Following the Appenzell victory in 1408 during the Appenzell Wars, the Abbey of St. Gall lost much of their power and wealth. By 1412 there were only two monks left at the Abbey, one of which elected the other as Abbot. As a result, over the following decades the abbots of St. Gall aggressively expanded their lands and influence in the region. In 1442 the town used a visit of Emperor Frederick III to throw off much of the Abbey's power over them. The leaders of the town swore loyalty to the Emperor. Then, in the same year when Kaspar von Landenberg was appointed Abbot over the Abbey, they declared that they could not swear loyalty to him because they already had to the Emperor. Under Kaspar, the Abbey spent money wastefully and was quickly deep in debt. To help rein in the abbot's spending and to further expand their independence, in 1451 the Abbey allied with Zurich, Lucerne, Schwiz and Glarus and forced Kaspar to appoint a cellarer, Ulrich Rösch. In 1454 the town also allied with the Swiss. Abbot Kaspar fought often with Ulrich and in 1458 appealed to the Pope to be rid of Ulrich. However, the decision was given to Cardinal Aeneas Sylvius, who sided with Ulrich and allowed Abbot Kaspar to retain the title, but turned day-to-day operations over to Ulrich. When Abbot Kaspar died in 1463, Ulrich appointed himself Abbot Ulrich VIII and began trying to force the town back under control of the Abbey. Over the next two decades, Abbot Ulrich continued expanding the power and land holdings of the Abbey. He repaired and expanded many of the monastery buildings. His ambitions often brought him into conflict with the town.

At the same time the leaders of the town had become wealthy from weaving and trading fabric.
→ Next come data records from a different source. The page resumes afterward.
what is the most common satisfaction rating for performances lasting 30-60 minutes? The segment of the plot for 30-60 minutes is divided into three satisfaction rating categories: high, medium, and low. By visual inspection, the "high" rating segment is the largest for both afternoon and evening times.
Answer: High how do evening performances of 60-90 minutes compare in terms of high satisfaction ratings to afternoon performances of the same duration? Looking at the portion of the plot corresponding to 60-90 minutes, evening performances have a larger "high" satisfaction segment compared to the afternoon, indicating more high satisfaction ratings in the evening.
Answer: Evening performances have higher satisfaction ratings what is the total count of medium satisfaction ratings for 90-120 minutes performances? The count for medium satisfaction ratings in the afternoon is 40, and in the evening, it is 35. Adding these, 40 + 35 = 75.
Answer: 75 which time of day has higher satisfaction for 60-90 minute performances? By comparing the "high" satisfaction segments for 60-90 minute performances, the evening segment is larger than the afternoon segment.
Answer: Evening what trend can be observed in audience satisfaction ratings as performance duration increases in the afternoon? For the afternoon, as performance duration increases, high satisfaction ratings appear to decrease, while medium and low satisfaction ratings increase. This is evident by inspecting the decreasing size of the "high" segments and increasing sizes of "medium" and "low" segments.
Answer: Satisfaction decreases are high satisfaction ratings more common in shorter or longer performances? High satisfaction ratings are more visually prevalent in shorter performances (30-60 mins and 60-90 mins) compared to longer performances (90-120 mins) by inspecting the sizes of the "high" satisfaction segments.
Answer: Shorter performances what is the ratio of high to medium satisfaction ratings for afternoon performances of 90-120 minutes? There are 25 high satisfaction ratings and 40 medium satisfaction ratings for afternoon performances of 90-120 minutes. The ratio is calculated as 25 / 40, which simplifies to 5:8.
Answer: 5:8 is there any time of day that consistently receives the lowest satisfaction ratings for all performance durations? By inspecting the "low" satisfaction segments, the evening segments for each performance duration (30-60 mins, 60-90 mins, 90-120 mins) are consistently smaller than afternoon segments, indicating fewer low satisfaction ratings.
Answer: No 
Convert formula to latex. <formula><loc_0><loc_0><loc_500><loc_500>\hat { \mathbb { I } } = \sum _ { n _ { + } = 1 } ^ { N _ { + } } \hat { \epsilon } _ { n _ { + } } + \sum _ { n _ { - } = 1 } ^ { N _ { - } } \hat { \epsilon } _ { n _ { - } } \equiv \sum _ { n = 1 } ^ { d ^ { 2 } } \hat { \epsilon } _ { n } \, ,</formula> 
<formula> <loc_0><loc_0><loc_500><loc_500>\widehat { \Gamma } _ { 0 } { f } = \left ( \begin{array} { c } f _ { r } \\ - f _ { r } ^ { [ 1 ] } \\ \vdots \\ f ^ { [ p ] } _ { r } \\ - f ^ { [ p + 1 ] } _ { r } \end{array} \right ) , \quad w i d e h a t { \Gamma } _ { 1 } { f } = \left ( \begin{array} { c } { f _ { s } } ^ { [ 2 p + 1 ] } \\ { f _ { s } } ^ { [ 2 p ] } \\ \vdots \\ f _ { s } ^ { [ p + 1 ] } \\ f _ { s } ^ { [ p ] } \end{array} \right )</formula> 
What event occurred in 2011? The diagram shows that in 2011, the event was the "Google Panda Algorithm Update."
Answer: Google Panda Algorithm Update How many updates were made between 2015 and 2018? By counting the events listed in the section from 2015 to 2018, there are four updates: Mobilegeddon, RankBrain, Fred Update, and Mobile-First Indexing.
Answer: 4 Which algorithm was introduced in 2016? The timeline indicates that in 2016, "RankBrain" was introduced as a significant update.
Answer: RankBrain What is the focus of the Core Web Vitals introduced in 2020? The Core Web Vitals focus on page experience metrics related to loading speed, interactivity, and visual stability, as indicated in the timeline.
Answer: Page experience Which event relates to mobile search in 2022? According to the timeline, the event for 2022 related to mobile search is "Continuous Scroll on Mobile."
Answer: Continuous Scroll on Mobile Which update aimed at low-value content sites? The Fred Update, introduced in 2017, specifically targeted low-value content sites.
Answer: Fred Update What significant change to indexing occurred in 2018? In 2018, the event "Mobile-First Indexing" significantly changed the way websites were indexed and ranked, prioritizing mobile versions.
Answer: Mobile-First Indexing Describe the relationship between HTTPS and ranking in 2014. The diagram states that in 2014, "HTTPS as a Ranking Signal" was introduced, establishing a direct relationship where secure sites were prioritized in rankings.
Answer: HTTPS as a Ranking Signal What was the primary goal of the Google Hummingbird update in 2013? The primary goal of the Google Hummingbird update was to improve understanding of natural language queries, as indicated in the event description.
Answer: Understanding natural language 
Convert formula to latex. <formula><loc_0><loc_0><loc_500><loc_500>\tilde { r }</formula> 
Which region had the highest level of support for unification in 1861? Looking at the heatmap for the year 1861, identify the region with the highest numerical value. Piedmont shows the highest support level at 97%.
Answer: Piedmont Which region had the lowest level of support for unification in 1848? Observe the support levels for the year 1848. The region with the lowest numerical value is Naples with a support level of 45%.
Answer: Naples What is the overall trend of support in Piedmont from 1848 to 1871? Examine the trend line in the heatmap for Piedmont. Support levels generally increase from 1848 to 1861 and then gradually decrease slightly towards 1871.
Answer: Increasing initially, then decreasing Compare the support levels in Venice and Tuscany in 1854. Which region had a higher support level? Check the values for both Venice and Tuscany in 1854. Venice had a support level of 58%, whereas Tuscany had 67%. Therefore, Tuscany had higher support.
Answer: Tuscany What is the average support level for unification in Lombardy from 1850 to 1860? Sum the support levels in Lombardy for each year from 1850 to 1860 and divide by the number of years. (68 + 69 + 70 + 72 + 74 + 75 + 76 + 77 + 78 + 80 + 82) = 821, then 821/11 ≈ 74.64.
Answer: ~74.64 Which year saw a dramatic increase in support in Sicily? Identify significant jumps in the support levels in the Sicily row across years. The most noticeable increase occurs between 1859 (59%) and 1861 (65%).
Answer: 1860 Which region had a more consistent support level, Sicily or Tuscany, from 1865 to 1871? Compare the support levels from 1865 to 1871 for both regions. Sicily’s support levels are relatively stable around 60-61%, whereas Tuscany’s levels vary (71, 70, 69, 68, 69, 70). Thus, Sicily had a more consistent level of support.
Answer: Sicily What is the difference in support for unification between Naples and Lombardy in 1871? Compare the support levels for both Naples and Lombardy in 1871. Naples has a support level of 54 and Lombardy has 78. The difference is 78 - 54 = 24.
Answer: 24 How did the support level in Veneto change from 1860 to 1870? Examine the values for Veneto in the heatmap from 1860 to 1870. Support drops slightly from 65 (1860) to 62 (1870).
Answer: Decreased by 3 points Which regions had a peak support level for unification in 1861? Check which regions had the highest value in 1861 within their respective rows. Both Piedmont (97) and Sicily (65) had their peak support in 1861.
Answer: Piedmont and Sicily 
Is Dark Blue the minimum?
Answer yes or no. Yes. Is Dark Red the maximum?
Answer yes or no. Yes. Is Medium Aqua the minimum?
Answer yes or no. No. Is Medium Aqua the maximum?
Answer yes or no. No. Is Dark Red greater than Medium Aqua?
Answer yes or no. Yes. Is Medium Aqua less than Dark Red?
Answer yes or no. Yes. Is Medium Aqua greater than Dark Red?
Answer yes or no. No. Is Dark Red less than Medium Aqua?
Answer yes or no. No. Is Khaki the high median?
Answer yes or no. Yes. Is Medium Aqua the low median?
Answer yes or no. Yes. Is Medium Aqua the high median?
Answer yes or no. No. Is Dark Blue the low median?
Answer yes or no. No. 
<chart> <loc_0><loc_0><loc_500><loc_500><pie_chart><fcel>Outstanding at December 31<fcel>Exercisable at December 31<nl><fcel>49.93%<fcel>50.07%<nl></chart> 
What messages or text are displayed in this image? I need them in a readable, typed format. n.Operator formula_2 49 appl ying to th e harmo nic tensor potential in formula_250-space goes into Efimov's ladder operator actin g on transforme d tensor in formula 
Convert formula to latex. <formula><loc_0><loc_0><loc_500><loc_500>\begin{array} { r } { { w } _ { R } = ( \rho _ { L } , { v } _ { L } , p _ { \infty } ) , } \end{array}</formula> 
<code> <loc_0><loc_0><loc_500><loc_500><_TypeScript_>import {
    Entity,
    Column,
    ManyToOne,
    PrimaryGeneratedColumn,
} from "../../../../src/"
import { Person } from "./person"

In the early 1460s, Ulrich Varnbüler was a rising star in the town. During the Burgundian Wars, he ably led the St. Gallen army and in the Battle of Grandson (1476) his troops were part of the advance units of the Confederation and took part in their famous attack. A large painting of Ulrich returning triumphantly to a hero's welcome in St. Gallen is still displayed in St. Gallen. After the war, Varnbüler often represented St. Gallen at the various parliaments of the Confederation. In December 1480, Varnbüler was offered the position of mayor for the first time. From that time on, he served in several leadership positions and was considered the city's intellectual and political leader. His position as mayor often brought him into conflict with Abbot Ulrich Rösch.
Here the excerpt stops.